A catastrophic event such as increased volcanism may have contributed to massive extinction event (Photo: National Park Service)

A catastrophic event such as increased volcanism may have contributed to massive extinction event (Photo: National Park Service)

More than 250 million years ago, most life on Earth was wiped out by a catastrophic event called the Permian–Triassic extinction. New research suggests it took our planet 10 million years to recover from what is now known as “The Great Dying.”

The Great Dying took place millions of years earlier than the Cretaceous-Tertiary extinction, which killed off the dinosaurs 65 million years ago. It was also much more devastating, destroying 90 percent of all plants and animals.

Scientists theorize a “perfect storm” of conditions – global-warming, acid rain, ocean acidification and ocean anoxia (loss of oxygen) – followed by a catastrophic event such as increased volcanism, contributed to Earth’s most dramatic and devastating biological crisis.

For some time now, they’ve debated how quickly life on Earth bounced back from this mass extinction. A new article in Nature Geoscience puts that number at 10 million years.

Artist rendering of the "Great Dying" in which 90% of all marine species are thought to have perished. (Image: Lunar and Planetary Institute)
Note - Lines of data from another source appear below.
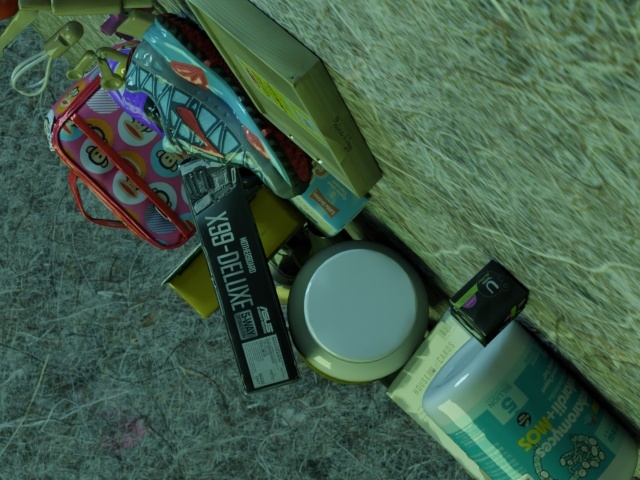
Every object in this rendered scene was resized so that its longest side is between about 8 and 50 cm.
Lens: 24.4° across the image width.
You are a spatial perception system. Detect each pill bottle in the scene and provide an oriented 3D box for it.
[{"bbox_3d":[0.049,0.099,1.991,0.188,0.188,0.334,44,175,4],"label":"pill bottle"},{"bbox_3d":[0.250,0.222,1.641,0.264,0.146,0.146,44,175,-4],"label":"pill bottle"}]

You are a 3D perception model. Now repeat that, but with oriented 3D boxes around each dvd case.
[{"bbox_3d":[0.213,0.215,1.863,0.239,0.179,0.029,43,-141,13],"label":"dvd case"}]

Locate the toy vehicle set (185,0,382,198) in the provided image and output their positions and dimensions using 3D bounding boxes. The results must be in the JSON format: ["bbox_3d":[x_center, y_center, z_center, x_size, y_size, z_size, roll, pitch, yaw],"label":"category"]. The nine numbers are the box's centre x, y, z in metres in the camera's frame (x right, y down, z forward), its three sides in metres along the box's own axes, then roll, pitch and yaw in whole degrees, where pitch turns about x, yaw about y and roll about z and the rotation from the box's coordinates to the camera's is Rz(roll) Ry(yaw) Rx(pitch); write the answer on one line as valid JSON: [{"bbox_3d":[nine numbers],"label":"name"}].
[{"bbox_3d":[-0.034,-0.152,1.477,0.166,0.035,0.267,42,174,25],"label":"toy vehicle set"}]

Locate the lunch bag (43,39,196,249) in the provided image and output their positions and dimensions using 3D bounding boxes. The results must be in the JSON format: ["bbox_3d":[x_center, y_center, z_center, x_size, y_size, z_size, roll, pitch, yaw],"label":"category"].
[{"bbox_3d":[-0.278,-0.135,2.274,0.293,0.258,0.120,46,175,-25],"label":"lunch bag"}]

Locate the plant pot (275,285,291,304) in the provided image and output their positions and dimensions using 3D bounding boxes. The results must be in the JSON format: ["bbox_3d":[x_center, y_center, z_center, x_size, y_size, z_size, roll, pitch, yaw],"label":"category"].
[{"bbox_3d":[-0.007,0.094,2.431,0.236,0.032,0.236,3,177,0],"label":"plant pot"}]

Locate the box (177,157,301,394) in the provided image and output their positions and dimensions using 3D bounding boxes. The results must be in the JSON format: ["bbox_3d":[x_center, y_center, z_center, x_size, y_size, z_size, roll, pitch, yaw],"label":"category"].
[{"bbox_3d":[-0.108,0.032,1.955,0.242,0.076,0.307,-123,17,-84],"label":"box"}]

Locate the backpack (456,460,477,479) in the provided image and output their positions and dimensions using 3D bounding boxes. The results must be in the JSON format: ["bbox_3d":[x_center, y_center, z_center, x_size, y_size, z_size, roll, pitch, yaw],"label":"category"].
[{"bbox_3d":[0.278,0.346,2.594,0.152,0.115,0.182,43,173,41],"label":"backpack"}]

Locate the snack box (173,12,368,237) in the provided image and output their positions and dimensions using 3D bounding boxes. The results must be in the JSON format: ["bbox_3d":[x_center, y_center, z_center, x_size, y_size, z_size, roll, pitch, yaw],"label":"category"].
[{"bbox_3d":[-0.079,-0.135,1.827,0.322,0.060,0.187,45,177,-1],"label":"snack box"}]

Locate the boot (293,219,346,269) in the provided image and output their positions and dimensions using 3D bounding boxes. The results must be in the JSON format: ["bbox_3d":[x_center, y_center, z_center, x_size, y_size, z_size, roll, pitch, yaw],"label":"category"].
[{"bbox_3d":[0.000,0.000,2.304,0.198,0.077,0.137,16,150,52],"label":"boot"}]

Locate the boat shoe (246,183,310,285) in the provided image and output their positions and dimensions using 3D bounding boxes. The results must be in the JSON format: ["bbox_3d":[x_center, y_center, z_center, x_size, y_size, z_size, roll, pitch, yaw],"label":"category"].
[{"bbox_3d":[-0.112,-0.059,2.522,0.301,0.108,0.102,52,146,24],"label":"boat shoe"}]

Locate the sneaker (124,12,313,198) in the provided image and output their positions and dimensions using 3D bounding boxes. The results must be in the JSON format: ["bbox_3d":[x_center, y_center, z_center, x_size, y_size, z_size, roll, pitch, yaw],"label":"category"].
[{"bbox_3d":[-0.119,-0.134,1.694,0.262,0.125,0.104,48,-157,9],"label":"sneaker"}]

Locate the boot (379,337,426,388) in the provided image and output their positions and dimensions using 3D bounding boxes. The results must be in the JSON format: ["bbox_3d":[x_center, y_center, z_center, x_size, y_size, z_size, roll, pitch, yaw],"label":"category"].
[{"bbox_3d":[0.238,0.292,2.248,0.367,0.146,0.445,55,170,-7],"label":"boot"}]

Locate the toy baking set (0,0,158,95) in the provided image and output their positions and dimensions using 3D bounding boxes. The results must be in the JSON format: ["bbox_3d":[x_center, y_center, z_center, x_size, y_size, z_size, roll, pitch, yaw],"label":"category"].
[{"bbox_3d":[-0.313,-0.244,1.852,0.197,0.256,0.030,110,155,-55],"label":"toy baking set"}]

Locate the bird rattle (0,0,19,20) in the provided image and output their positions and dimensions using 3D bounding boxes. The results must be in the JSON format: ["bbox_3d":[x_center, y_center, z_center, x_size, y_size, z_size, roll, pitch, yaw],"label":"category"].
[{"bbox_3d":[-0.375,-0.329,1.836,0.143,0.207,0.253,44,179,-19],"label":"bird rattle"}]

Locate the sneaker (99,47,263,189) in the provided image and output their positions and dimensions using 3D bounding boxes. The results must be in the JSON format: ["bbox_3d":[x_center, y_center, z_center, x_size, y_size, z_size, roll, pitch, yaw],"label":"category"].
[{"bbox_3d":[-0.185,-0.177,2.141,0.293,0.102,0.146,38,177,-15],"label":"sneaker"}]

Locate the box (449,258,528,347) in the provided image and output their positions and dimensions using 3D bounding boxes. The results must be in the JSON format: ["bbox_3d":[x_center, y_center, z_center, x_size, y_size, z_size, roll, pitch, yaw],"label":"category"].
[{"bbox_3d":[0.168,0.064,1.477,0.052,0.062,0.083,45,176,12],"label":"box"}]

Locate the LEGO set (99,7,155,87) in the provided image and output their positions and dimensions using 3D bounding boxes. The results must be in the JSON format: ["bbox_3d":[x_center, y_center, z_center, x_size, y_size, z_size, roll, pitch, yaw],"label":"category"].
[{"bbox_3d":[-0.238,-0.248,1.975,0.087,0.093,0.227,39,173,45],"label":"LEGO set"}]

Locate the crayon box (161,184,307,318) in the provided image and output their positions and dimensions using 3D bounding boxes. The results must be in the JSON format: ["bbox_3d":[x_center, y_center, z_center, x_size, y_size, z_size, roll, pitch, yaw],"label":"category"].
[{"bbox_3d":[-0.119,0.012,2.233,0.083,0.203,0.323,45,-175,1],"label":"crayon box"}]
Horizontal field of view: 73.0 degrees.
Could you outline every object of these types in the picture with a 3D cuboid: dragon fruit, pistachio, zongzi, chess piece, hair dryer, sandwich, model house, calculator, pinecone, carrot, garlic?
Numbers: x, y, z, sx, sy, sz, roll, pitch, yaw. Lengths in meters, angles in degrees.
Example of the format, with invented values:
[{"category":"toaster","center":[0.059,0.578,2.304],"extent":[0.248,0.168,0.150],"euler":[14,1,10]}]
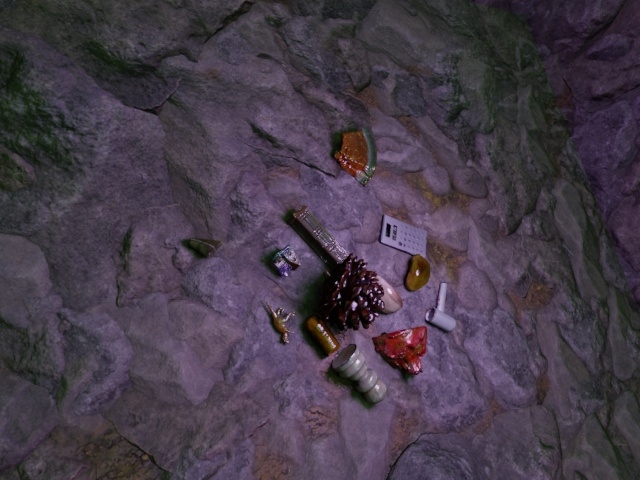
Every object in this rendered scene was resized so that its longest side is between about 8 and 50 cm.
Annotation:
[{"category":"dragon fruit","center":[0.384,0.473,1.847],"extent":[0.262,0.134,0.212],"euler":[-8,78,-28]},{"category":"pistachio","center":[0.462,0.150,2.023],"extent":[0.110,0.100,0.189],"euler":[28,60,-9]},{"category":"zongzi","center":[-0.442,0.005,1.680],"extent":[0.104,0.052,0.113],"euler":[37,46,-2]},{"category":"chess piece","center":[0.171,0.544,1.728],"extent":[0.243,0.133,0.133],"euler":[49,59,-7]},{"category":"hair dryer","center":[0.578,0.304,2.053],"extent":[0.131,0.073,0.236],"euler":[28,52,-15]},{"category":"sandwich","center":[0.178,-0.434,2.103],"extent":[0.212,0.109,0.292],"euler":[21,64,-18]},{"category":"model house","center":[-0.142,0.089,1.765],"extent":[0.100,0.088,0.100],"euler":[-39,89,-28]},{"category":"calculator","center":[0.403,-0.019,2.106],"extent":[0.261,0.021,0.161],"euler":[19,64,-19]},{"category":"pinecone","center":[0.126,0.225,1.728],"extent":[0.296,0.242,0.298],"euler":[45,75,-30]},{"category":"carrot","center":[0.007,0.380,1.730],"extent":[0.082,0.082,0.173],"euler":[-37,86,-31]},{"category":"garlic","center":[0.276,0.230,1.898],"extent":[0.128,0.115,0.207],"euler":[-30,83,-25]}]

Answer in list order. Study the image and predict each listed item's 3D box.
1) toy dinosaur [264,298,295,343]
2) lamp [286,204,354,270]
[{"category":"toy dinosaur","center":[-0.171,0.318,1.694],"extent":[0.162,0.039,0.126],"euler":[26,63,-13]},{"category":"lamp","center":[0.000,0.000,1.867],"extent":[0.325,0.090,0.089],"euler":[48,58,-3]}]

Artist rendering of The Great Dying in which 90 percent of all marine species are thought to have perished. (Image: Lunar and Planetary Institute)
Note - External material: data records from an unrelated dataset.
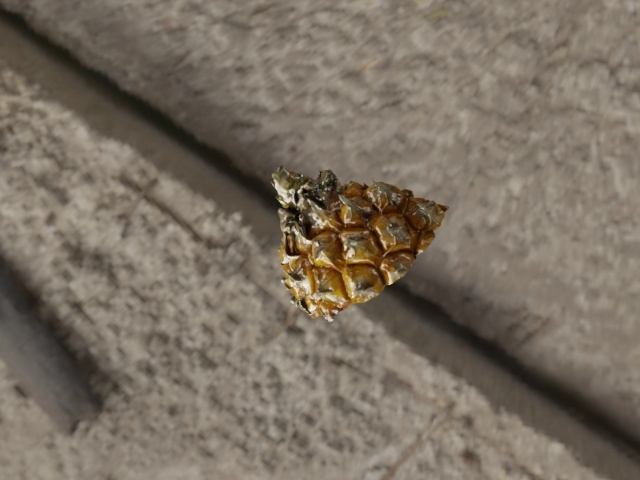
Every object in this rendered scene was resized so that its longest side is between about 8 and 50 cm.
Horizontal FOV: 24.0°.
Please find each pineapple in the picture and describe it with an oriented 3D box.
[{"bbox_3d":[0.005,-0.001,1.726,0.250,0.139,0.164,-14,128,36],"label":"pineapple"}]
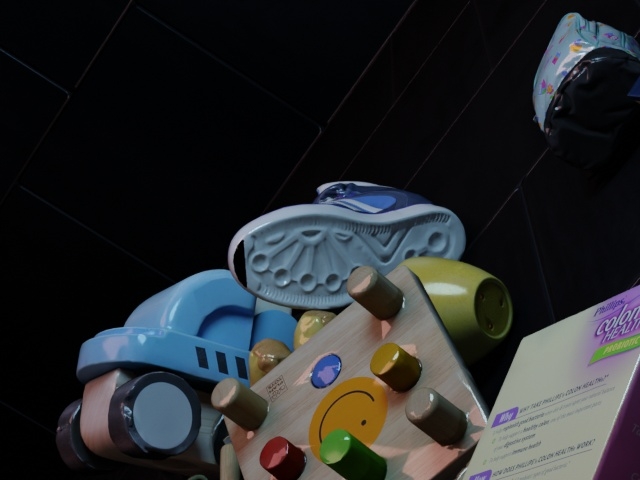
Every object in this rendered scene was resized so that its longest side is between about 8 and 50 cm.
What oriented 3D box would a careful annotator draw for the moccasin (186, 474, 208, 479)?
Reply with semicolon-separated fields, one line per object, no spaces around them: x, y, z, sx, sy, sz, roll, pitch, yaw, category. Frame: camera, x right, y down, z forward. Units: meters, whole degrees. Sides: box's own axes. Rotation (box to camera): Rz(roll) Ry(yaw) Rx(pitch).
-0.136;0.376;1.952;0.139;0.147;0.380;-59;11;-8;moccasin

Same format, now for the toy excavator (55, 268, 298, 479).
-0.096;0.110;2.096;0.222;0.433;0.445;-24;54;57;toy excavator

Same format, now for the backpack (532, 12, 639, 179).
0.293;-0.171;1.700;0.152;0.115;0.182;-55;8;25;backpack

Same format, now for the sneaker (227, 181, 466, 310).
0.000;-0.001;2.015;0.236;0.323;0.130;-160;65;-63;sneaker

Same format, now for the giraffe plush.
0.000;0.210;1.852;0.210;0.181;0.170;-47;32;-2;giraffe plush

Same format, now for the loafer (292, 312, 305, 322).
-0.015;0.176;2.272;0.170;0.062;0.061;-86;-9;-56;loafer

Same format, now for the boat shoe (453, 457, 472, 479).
0.116;0.281;1.313;0.285;0.089;0.104;-57;-16;-14;boat shoe

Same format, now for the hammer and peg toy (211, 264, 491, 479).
-0.012;0.206;1.542;0.361;0.127;0.266;-40;39;13;hammer and peg toy

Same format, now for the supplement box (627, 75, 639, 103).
0.346;-0.144;1.462;0.083;0.083;0.056;-57;11;1;supplement box

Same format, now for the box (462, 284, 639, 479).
0.198;0.173;1.124;0.243;0.117;0.213;-63;12;-26;box

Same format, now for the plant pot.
0.145;0.078;1.666;0.095;0.134;0.134;-10;43;43;plant pot
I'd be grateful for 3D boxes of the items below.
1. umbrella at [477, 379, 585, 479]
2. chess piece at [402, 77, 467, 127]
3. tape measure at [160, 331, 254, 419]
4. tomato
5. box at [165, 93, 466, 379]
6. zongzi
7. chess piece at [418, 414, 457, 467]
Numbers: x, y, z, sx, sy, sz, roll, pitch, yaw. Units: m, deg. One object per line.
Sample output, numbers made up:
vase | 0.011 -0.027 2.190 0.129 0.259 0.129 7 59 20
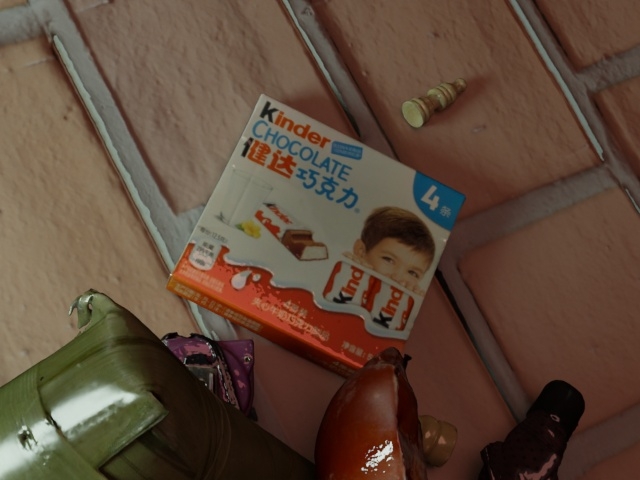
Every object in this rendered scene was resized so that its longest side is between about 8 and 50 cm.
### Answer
umbrella | 0.199 0.282 1.676 0.094 0.090 0.326 28 60 21
chess piece | 0.144 -0.173 1.892 0.092 0.035 0.035 -33 80 -30
tape measure | -0.128 0.155 1.641 0.118 0.074 0.125 2 65 -15
tomato | 0.048 0.226 1.562 0.112 0.199 0.228 -10 71 8
box | 0.000 0.000 1.762 0.273 0.048 0.265 26 62 -4
zongzi | -0.254 0.273 1.523 0.447 0.418 0.181 -32 53 15
chess piece | 0.088 0.200 1.695 0.122 0.066 0.066 24 62 -10
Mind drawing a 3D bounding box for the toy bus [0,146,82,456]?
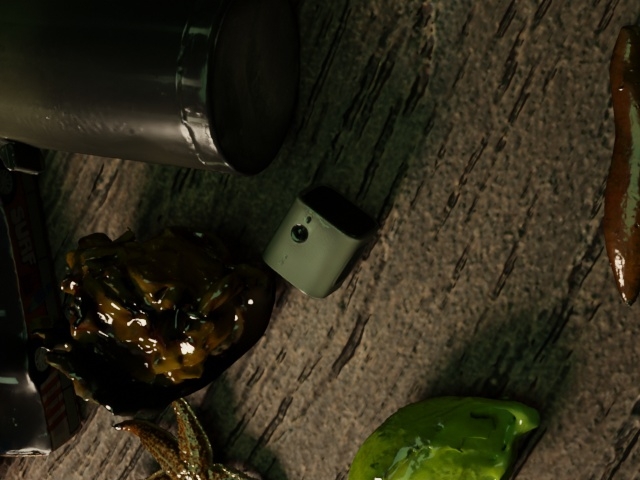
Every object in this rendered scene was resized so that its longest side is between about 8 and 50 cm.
[{"bbox_3d":[-0.367,0.049,1.525,0.093,0.092,0.409,-4,101,23],"label":"toy bus"}]

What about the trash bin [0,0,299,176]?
[{"bbox_3d":[-0.196,-0.182,1.335,0.301,0.203,0.252,7,88,23],"label":"trash bin"}]

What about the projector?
[{"bbox_3d":[0.000,0.000,1.356,0.083,0.083,0.082,37,114,11],"label":"projector"}]

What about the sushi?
[{"bbox_3d":[-0.173,0.073,1.390,0.213,0.200,0.204,32,106,7],"label":"sushi"}]

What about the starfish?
[{"bbox_3d":[-0.144,0.267,1.504,0.238,0.057,0.213,13,115,21],"label":"starfish"}]

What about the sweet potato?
[{"bbox_3d":[0.296,-0.068,1.228,0.057,0.057,0.265,5,101,23],"label":"sweet potato"}]

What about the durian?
[{"bbox_3d":[0.111,0.239,1.364,0.139,0.101,0.250,23,116,-21],"label":"durian"}]

So why did it take our planet so long to recover from this devastating loss of life? Why didn’t life just “bounce back?”

The sheer intensity of this crisis, coupled with the bleak conditions which remained on Earth after that first devastating surge of extinction, are the reasons for the delay, according to the report authors.

These bleak conditions continued, in bursts, for some five-to-six million years after the initial calamity, triggering repeated environmental crises.

“Life seemed to be getting back to normal when another crisis hit and set it back again,” said Michael Benton, one of the report authors who is a professor at England’s University of Bristol. “The carbon crises were repeated many times and then, finally, conditions became normal again after five million years or so.”

Map of the world around the time of the Great Dying (Image: Dr. Ron Blakey via Wikimedia Commons)

Map of the world around the time of the Great Dying (Image: Dr. Ron Blakey via Wikimedia Commons)

While certain groups of marine and land animals recovered quickly to a certain point, they suffered continual setbacks with each of these bursts of dire conditions following the initial crisis because, according to the researchers, their permanent ecosystems were not firmly established.

But after the waves of environmental devastation began to wane, not only did life return to Earth, but much more complex ecosystems were formed, allowing for much more sophisticated life forms which eventually led to human life.

“We often see mass extinctions as entirely negative but in this most devastating case, life did recover, after many millions of years, and new groups emerged,” Benton said. “The event had re-set evolution. However, the causes of the killing – global warming, acid rain, ocean acidification – sound eerily familiar to us today. Perhaps we can learn something from these ancient events.”